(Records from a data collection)
◇ ◇ ◇ ◇ ◇ ◇ ◇

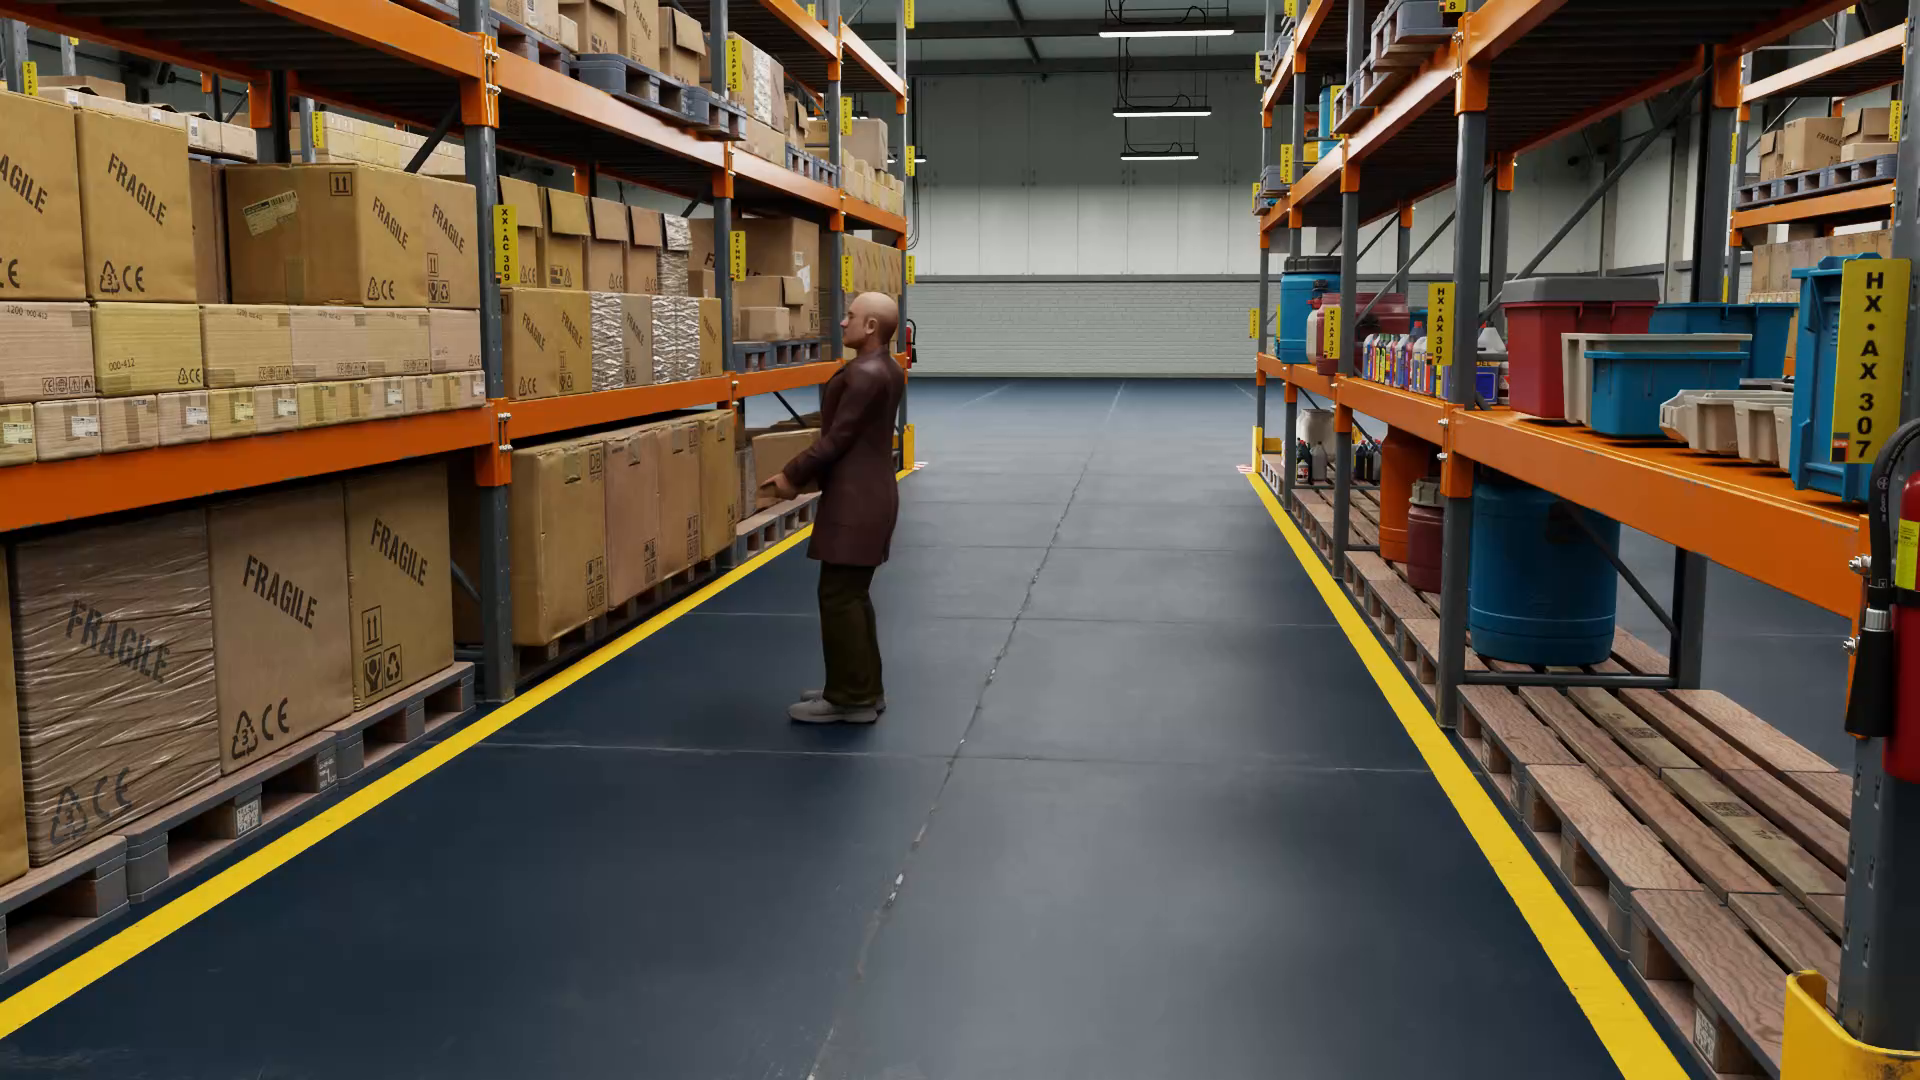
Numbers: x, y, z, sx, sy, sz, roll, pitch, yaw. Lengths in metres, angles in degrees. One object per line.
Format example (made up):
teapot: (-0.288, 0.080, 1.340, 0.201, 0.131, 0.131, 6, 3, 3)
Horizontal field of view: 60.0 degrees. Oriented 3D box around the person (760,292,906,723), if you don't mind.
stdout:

◇ ◇ ◇ ◇ ◇ ◇ ◇

In the records above, find each line that holds the word "degrees"; copy all such lines.

→ Exercise answer
Numbers: x, y, z, sx, sy, sz, roll, pitch, yaw. Lengths in metres, angles in degrees. One object per line.
Horizontal field of view: 60.0 degrees. Oriented 3D box around the person (760,292,906,723), if you don't mind.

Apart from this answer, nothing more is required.